The particular line after the Doctor went on about different religions and how the Beast can't be real, "Is that your religion?", followed by the Doctor's silence and sheepish response is fantastic.
Also, he's voiced by Sutekh. That's Gabriel Woolf from Tom Baker's Pyramids of Mars.
Meh, the Doctor already meet Eternals and Animus.
my favorite episode has got to be the ones with the silence in it, that or the library one. both amazingly terrifying concepts.
I rewatched the Library one the other day and forgot how great it is, made me spooked of my own shadow for a little
@@waterwaveybaby hey who turned out the lights?
Shut up Dr. Moon
Omg I wish they did something more with the silence one of my favorite characters throughout the show
@@themangledwither Are you my mommy?
"is that Your Religion?" Will always be one of the most spin chilling lines ive heard.
He bathers in the black sun is the most metal
david tennant is a master at facial expressions hes iconic as hell. just as iconic as capaldi’s eyebrows
For me, the darkest would be Donna choosing to die in 'Turn Left', and the voices of the dead begging not to be dissected in 'Dark Waters/Death in Heaven'. Chilling and deeply unsettling.
You mean cremated? Or am I forgetting something
Ponds getting forcibly yanked back in time by Weeping Angels was absolutely FUCKED too
Absolutely destroyed me@@talesofgore9424
"DONT CREMATE ME!"
Personally, Adelaide Brooks suicide is the darkest moment of the show. Truly gritty and bleak
It's a shame this Lovecraftian aspect to the extensive Doctor Who mythos never seen more light in the scope of the whole series. I mean, this is literally an exploration of the Christian hell that's done so well and in such a short span of time.
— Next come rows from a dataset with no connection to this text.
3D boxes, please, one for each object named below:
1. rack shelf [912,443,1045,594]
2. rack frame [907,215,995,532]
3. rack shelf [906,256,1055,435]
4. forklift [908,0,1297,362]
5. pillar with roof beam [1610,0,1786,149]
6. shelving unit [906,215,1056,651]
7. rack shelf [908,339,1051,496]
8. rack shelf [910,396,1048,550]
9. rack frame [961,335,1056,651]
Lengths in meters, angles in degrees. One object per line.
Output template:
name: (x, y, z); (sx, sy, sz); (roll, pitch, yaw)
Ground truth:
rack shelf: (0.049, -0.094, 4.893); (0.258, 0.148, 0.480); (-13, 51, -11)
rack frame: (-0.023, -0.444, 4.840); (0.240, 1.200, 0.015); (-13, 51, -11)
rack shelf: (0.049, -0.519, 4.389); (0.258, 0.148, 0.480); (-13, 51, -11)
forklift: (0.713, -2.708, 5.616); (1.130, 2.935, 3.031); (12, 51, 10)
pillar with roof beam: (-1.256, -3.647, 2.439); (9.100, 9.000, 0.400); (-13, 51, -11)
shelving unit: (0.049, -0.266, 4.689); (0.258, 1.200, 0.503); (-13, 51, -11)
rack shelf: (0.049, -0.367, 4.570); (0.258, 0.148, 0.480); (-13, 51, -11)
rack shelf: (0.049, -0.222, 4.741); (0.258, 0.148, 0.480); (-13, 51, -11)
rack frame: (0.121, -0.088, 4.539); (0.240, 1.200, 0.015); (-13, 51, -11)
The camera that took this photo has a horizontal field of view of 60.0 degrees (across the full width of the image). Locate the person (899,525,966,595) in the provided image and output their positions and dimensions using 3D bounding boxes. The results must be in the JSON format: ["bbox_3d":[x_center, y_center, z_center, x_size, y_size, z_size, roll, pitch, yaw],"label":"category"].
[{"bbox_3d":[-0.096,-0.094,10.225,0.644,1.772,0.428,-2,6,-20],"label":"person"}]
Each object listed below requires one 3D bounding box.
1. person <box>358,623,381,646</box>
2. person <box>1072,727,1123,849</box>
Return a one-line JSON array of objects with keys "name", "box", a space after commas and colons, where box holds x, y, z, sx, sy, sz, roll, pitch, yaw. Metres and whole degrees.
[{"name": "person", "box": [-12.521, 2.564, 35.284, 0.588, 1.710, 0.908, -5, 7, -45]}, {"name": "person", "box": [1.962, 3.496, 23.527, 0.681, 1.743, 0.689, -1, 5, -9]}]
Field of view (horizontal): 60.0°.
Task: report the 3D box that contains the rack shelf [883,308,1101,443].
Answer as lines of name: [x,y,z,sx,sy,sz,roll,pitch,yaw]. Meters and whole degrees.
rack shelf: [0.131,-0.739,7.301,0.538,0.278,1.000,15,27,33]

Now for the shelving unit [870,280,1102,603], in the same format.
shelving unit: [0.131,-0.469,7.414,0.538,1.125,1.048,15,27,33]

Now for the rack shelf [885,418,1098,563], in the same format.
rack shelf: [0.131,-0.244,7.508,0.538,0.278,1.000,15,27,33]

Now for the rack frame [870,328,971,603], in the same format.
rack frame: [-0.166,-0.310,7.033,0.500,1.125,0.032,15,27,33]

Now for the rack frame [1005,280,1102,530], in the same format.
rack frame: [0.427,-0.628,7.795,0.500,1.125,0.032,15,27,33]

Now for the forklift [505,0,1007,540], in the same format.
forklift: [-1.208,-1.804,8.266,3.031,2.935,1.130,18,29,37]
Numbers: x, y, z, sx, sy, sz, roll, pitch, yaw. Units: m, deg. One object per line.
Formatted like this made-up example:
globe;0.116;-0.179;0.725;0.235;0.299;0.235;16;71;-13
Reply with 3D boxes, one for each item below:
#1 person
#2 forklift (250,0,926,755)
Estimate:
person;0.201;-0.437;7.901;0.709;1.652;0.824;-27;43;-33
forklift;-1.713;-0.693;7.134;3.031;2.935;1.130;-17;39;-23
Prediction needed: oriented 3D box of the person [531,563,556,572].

Episodes like this were the benchmark for Doctor Who and I just feel as though it was matched so infrequently that there really was a lot of potential lost here
And people often forget the Midnight planet creature
That's one of my all time favourite episodes
@@connorscorner443 me too, i love midnight! it actually freaked my dad out a bit when we watched it together. never actually finding out what the creature was is the best part.
Nobody has forgotten the Midnight entity
one of the only aliens to beat the doctor. he was toast if not for the stewardess
Midnight entity is without a doubt the scariest new who monster. Just that shot of the crystal planet we get, completely uninhabitable... Then the guy says something is moving out there as the shutters close... It's just set up so we'll and executed so perfectly by the performers
As a doctor who fan i can confirm that bon a cafa latta is the best part about the show
I think it's less fear of the 'unknown' and more fear of the 'unknowable'
Ties in brilliantly with a black hole, doesn't it?
@@eyesofthecervino3366 No, personally I believe that humans dont fear the unknown, they fear the unpredictable. Like we are the type of creatures that like to be in control of everything, like if you get something unknown thrown at you, if you can predict what it will do, then it dosen't scare you that much.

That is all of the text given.